What will cause the next bear market? Numerous catalysts could pressure such a downturn in the equity markets:

  • An exogenous geopolitical event
  • A credit-related event (most likely)
  • Failure of a major financial institution
  • Recession
  • Falling profits and earnings
  • An inflationary or deflationary spike
  • A loss of confidence by corporations that contracts share buybacks

Whatever the event is, which is currently unexpected and unanticipated, the decline in asset prices will initiate a “chain reaction.”
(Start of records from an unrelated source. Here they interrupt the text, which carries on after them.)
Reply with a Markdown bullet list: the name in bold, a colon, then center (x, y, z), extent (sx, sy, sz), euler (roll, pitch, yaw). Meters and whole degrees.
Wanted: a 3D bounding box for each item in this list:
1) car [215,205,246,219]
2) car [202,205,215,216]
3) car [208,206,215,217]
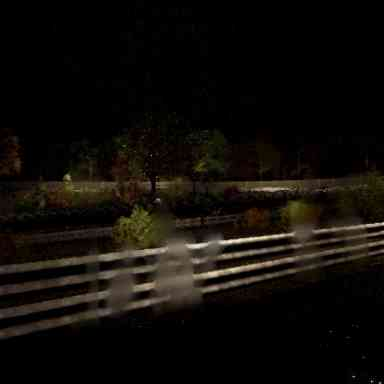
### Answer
- **car**: center (6.682, 2.912, 48.326), extent (5.566, 2.045, 2.150), euler (-4, 2, -21)
- **car**: center (3.998, 2.932, 54.794), extent (4.553, 1.767, 2.097), euler (-4, 2, -21)
- **car**: center (5.337, 3.162, 51.561), extent (4.674, 1.442, 1.812), euler (-4, 2, -21)
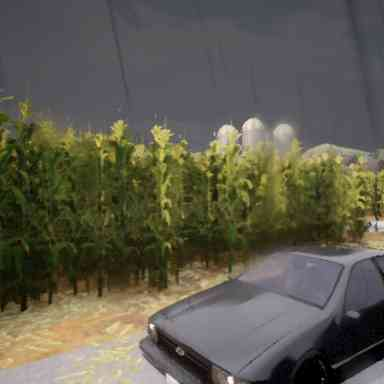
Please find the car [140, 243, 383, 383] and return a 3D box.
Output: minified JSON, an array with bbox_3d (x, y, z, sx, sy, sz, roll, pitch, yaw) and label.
[{"bbox_3d":[1.992,1.534,4.881,5.357,1.411,2.033,0,0,-35],"label":"car"}]
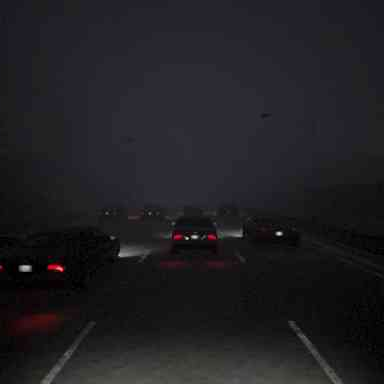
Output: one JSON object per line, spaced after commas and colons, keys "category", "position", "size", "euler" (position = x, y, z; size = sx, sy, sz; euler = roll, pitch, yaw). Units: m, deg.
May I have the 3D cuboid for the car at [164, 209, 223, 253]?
{"category": "car", "position": [0.100, 1.677, 14.320], "size": [2.033, 1.411, 5.357], "euler": [0, -1, 0]}

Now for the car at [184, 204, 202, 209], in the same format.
{"category": "car", "position": [0.122, 1.901, 33.334], "size": [1.895, 1.301, 4.718], "euler": [0, -1, 0]}

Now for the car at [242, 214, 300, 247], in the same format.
{"category": "car", "position": [3.598, 1.706, 15.723], "size": [1.994, 1.385, 4.181], "euler": [0, -1, 0]}

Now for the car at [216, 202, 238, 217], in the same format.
{"category": "car", "position": [3.632, 1.806, 34.913], "size": [2.128, 1.511, 4.902], "euler": [0, -1, 0]}

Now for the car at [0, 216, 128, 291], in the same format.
{"category": "car", "position": [-3.408, 1.633, 9.316], "size": [2.033, 1.411, 5.357], "euler": [0, 0, 0]}

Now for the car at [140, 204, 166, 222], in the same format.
{"category": "car", "position": [-3.393, 1.814, 29.570], "size": [2.033, 1.411, 5.357], "euler": [0, -1, 0]}

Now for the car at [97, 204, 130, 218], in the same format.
{"category": "car", "position": [-6.893, 1.814, 29.568], "size": [2.033, 1.411, 5.357], "euler": [0, -1, 0]}
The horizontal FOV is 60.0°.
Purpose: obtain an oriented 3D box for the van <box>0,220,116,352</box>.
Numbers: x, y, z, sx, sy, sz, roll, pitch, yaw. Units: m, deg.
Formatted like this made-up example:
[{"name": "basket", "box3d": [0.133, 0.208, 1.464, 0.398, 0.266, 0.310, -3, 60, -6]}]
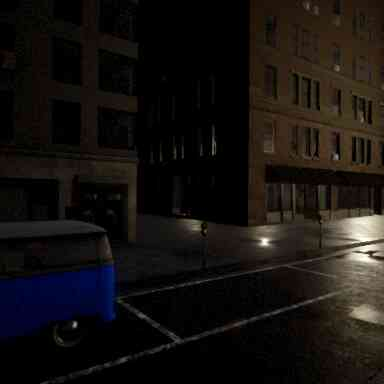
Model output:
[{"name": "van", "box3d": [-3.074, 1.341, 4.560, 3.998, 1.788, 1.690, 0, 1, -36]}]
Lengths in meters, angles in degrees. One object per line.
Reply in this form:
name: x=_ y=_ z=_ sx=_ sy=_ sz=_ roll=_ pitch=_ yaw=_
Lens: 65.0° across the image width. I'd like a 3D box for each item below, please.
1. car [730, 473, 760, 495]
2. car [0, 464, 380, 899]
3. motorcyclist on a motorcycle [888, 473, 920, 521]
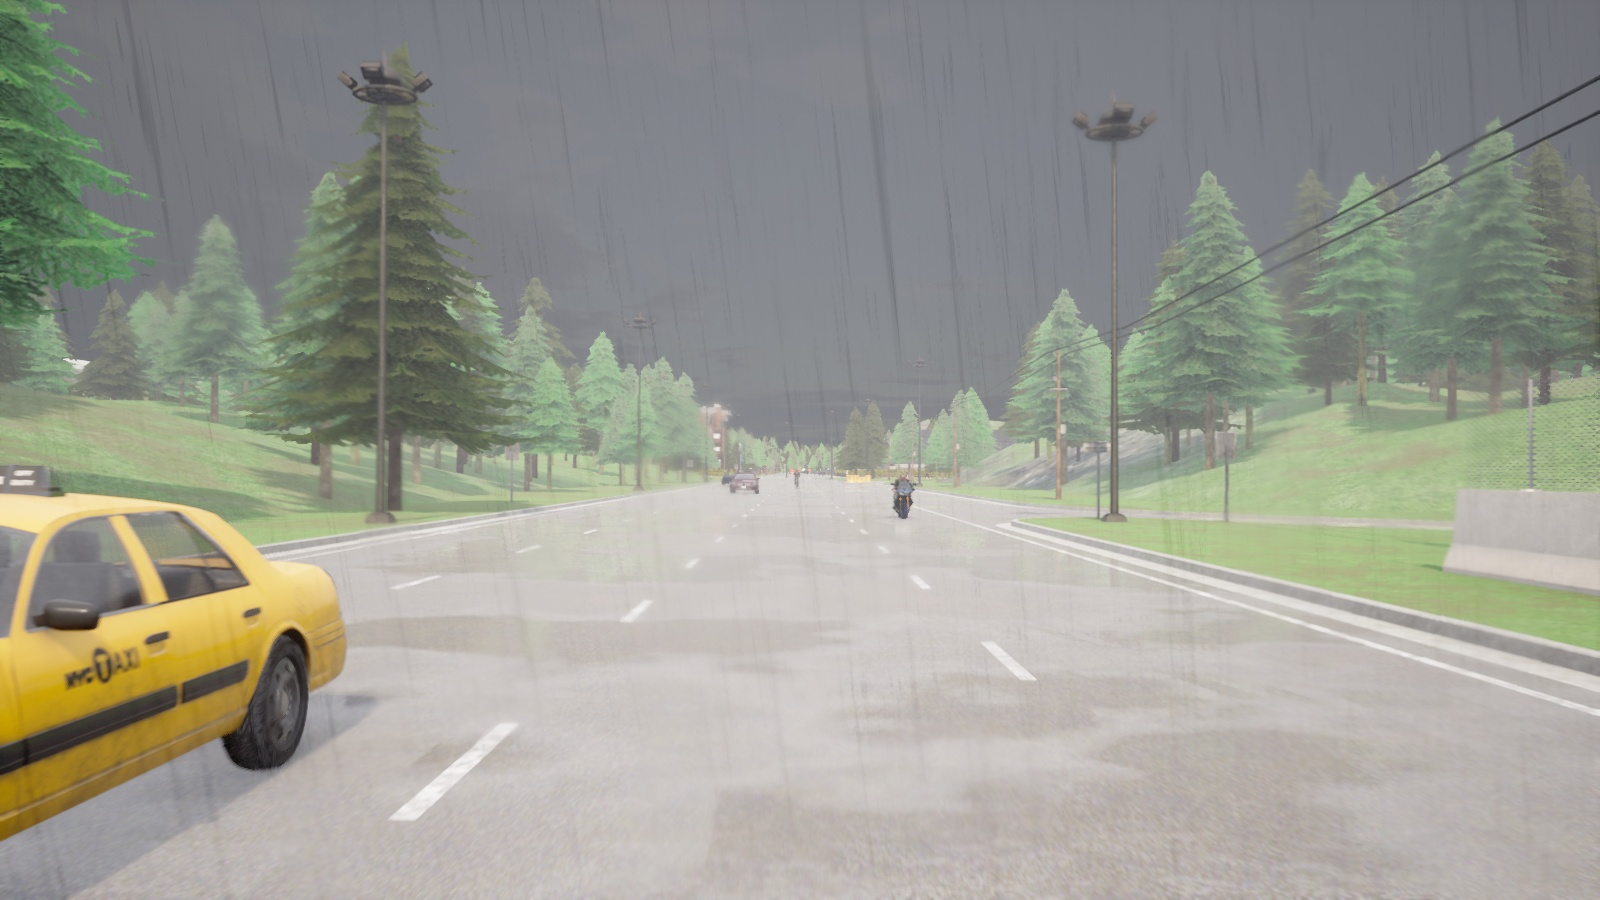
car: x=-3.707 y=2.282 z=85.264 sx=1.812 sy=1.442 sz=4.674 roll=0 pitch=-1 yaw=0
car: x=-3.537 y=0.857 z=5.324 sx=1.801 sy=1.575 sz=5.366 roll=0 pitch=-1 yaw=-1
motorcyclist on a motorcycle: x=3.400 y=1.528 z=41.341 sx=0.866 sy=1.530 sz=2.191 roll=0 pitch=-1 yaw=0
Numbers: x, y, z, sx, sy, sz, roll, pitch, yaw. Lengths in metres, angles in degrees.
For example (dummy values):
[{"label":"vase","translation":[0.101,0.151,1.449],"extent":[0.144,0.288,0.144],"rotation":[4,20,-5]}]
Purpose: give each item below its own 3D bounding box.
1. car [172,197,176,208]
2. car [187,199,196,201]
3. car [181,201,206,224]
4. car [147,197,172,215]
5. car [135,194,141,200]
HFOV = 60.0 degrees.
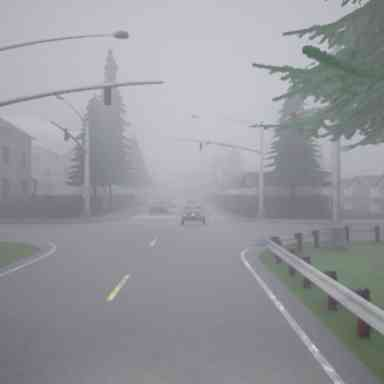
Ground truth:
[{"label":"car","translation":[-3.568,1.581,51.600],"extent":[2.097,1.767,4.553],"rotation":[0,0,0]},{"label":"car","translation":[0.002,1.872,61.255],"extent":[1.895,1.301,4.718],"rotation":[0,0,0]},{"label":"car","translation":[0.097,1.661,25.820],"extent":[2.033,1.411,5.357],"rotation":[0,0,0]},{"label":"car","translation":[-3.588,1.642,37.071],"extent":[1.882,1.535,5.008],"rotation":[0,0,0]},{"label":"car","translation":[-16.773,1.482,91.673],"extent":[3.866,1.878,1.905],"rotation":[0,0,-1]}]
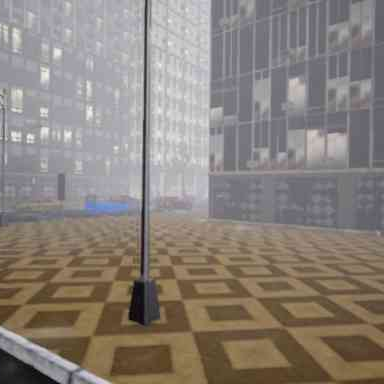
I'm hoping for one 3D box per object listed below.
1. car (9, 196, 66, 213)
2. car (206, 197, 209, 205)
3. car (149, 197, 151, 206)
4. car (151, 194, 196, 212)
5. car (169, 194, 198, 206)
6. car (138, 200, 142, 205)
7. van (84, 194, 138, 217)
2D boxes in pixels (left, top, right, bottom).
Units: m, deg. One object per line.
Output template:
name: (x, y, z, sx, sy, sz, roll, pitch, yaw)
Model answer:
car: (-14.073, 1.106, 30.594, 1.752, 1.417, 4.829, 1, 1, 38)
car: (4.026, 1.010, 49.777, 2.097, 1.767, 4.553, 1, 1, 38)
car: (-4.577, 1.147, 42.730, 1.887, 1.381, 4.507, 1, 1, 38)
car: (-1.722, 1.162, 33.515, 1.967, 1.590, 4.097, 1, 1, 38)
car: (-1.184, 1.050, 47.140, 1.967, 1.590, 4.097, 1, 1, 38)
car: (-7.969, 1.177, 38.320, 1.802, 1.307, 4.206, 1, 1, 38)
van: (-6.681, 1.054, 26.883, 1.690, 1.788, 3.998, 1, 1, 38)
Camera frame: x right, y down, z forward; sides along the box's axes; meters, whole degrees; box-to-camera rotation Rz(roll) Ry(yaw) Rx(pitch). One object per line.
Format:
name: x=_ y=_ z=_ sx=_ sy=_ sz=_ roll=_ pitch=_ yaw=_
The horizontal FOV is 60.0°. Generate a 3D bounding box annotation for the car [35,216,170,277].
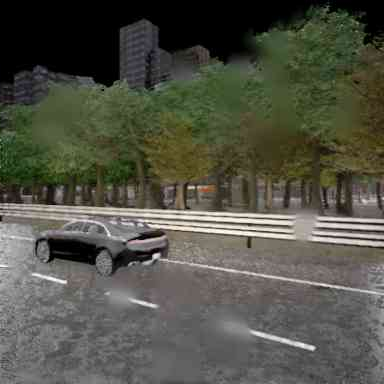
car: x=-2.921 y=1.493 z=10.249 sx=4.902 sy=1.511 sz=2.128 roll=0 pitch=0 yaw=36

  • Investors will begin to panic as asset prices drop, curtailing economic activity and further pressuring economic growth.
  • The pressure on asset prices and weaker economic growth, which impairs corporate earnings, shifts corporate views from “share repurchases” to “liquidity preservation.” Such removes critical support of asset prices.
  • As asset prices decline further and economic growth deteriorates, credit defaults begin triggering a near $5 Trillion corporate bond market problem.
  • The bond market decline will pressure asset prices lower, which triggers an aging demographic who fears the loss of pension benefits, sparks the $6 trillion pension problem.
  • As the market continues to cascade lower at this point, the Fed is monetizing nearly 100% of all debt issuance and has to resort to even more drastic measures to stem selling and defaults.
  • Those actions lead to a further loss of confidence and pressure markets further.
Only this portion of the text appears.